GMYC, bGMYC and mPTP analyses were carried out as: (1) a point estimate based on the maximum clade credibility tree created in TreeAnnotator 1.8.4 (node heights “ca”); and (2) confidence intervals calculated from the posterior sample of 1,000 trees. We used the bGMYC_1.0.248, splits_1.0-1943 and ape_4.168 packages. The bGMYC posterior samples were summarised into putative species with a conservative posterior probability of conspecificity at 0.05. For mPTP (single lambda), the Beast chronograms (ultrametric trees with branch lengths scaled by time) were first transformed into phylograms (branch lengths scaled by substitutions per site) using maximum likelihood optimisation in phangorn_2.2.069 under the same substitution model settings as described above. The locMin analyses were again conducted as a point estimate, and also on a set of 1,000 bootstrapped datasets to generate a confidence interval for this method.

Data availability

New sequence data generated here are available from the GenBank nucleotide archive under the accessions MG751915–MG752866, and at the Barcode of Life BOLD database under the project name “PRNHA”. Metadata for all sequences used in this study are presented in Supplementary Table S1 as a comma delimited flatfile following Darwin Core standard vocabulary (http://rs.tdwg.org/dwc/terms/index.htm). The datasets and scripts used in this study are available from a public GitHub repository hosted at https://github.com/legalLab/publications.

Results

Sampling and data description

As part of this study a total of 975 serrasalmid individuals were collected from 168 unique localities in 30 major river drainages (Fig. 1). With the addition of data from GenBank this increased to 1,122 specimens from 208 unique localities in 34 major drainages. Upon morphological assessment a total of 68 species-level taxa were identified and we were able to assign taxonomic names to 60 of these (i.e. valid nominal species), with a further eight being identified to genus level only, i.e. putative new species (six pacus, two piranhas). Data for thirteen species were obtained from GenBank, but only one of these (Serrasalmus marginatus) was not already present in our dataset (bringing the total to 69 species). Overall, the sampling covered 61 (19 piranha species and 42 pacu species) of the 94 (65%) valid serrasalmid species representing all 16 genera (100%). Per species, 63 of the total 69 (91%) were represented by more than one individual, with 56 (81%) represented by five or more individuals; median number of individuals per species was ten, mean was 16.3, and maximum was 95 (Serrasalmus rhombeus). Fifty-one species (74%) were collected from more than one locality; 45 (65%) were collected from three or more localities; median number of localities per species was four, mean was 6.2, and maximum was 35 (Serrasalmus rhombeus).
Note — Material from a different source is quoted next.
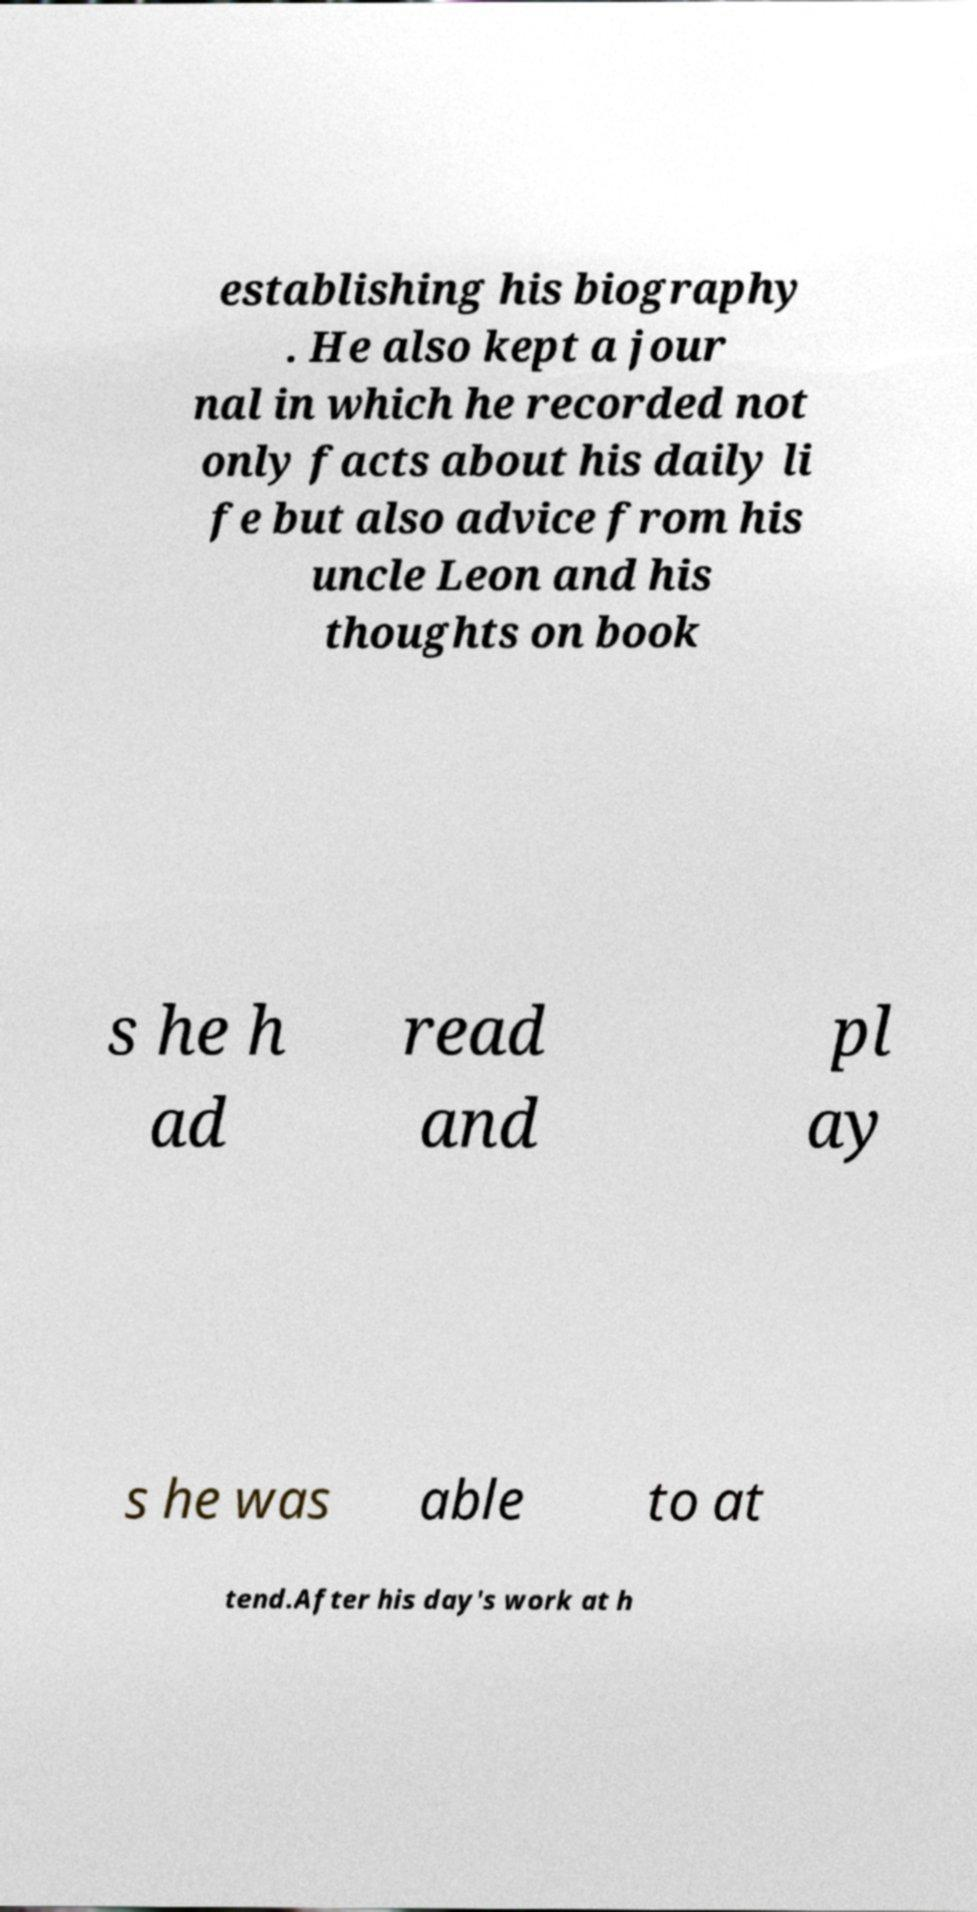What messages or text are displayed in this image? I need them in a readable, typed format. establishing his biography . He also kept a jour nal in which he recorded not only facts about his daily li fe but also advice from his uncle Leon and his thoughts on book s he h ad read and pl ay s he was able to at tend.After his day's work at h 
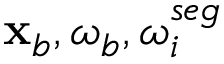<formula> <loc_0><loc_0><loc_500><loc_500>{ x } _ { b } , { \omega _ { b } } , { \omega _ { i } ^ { s e g } }</formula>

Forty species (58%) were collected in more than one drainage; 33 (48%) were collected from three or more drainages; median number of drainages per species was two, mean was 3.6, and maximum was 15 (Serrasalmus rhombeus). The aligned DNA barcode matrix comprised 1,122 taxa by 621 bp. The unaligned sequences varied in length 417–621 bp; 11 (1%) were less than 500 bp, 97% were greater than 530 bp, 37% were the full 621 bp; median sequence length was 609 bp (mean 595 bp). The dataset comprised a total of 444 unique haplotypes. Per species (Table 1), 59 (86%) were represented by more than one haplotype, with 28 (41%) represented by five or more haplotypes; median number of haplotypes per species was four, mean was six, and maximum was 29 (Serrasalmus rhombeus).

Figure 1
figure 1

Map of unique sampling locations shown by red triangles. Of the total 208 unique sampling locations in the study, 188 with GPS coordinates are shown here. Total includes all data accessed from GenBank in addition to collections made as part of this study. Figure was created in R 3.4.163 from void-filled elevation (30 sec DEM) raster and river network (RIV) shape files obtained from the World Wildlife Fund HydroSHEDS project96, and used under the following license. This product incorporates data from the HydroSHEDS database which is ©World Wildlife Fund, Inc. (2006–2013) and has been used herein under license. WWF has not evaluated the data as altered and incorporated within, and therefore gives no warranty regarding its accuracy, completeness, currency or suitability for any particular purpose. Portions of the HydroSHEDS database incorporate data which are the intellectual property rights of ©USGS (2006–2008), NASA (2000–2005), ESRI (1992–1998), CIAT (2004–2006), UNEP–WCMC (1993), WWF (2004), Commonwealth of Australia (2007), and Her Royal Majesty and the British Crown and are used under license. The HydroSHEDS database and more information are available at http://www.hydrosheds.org.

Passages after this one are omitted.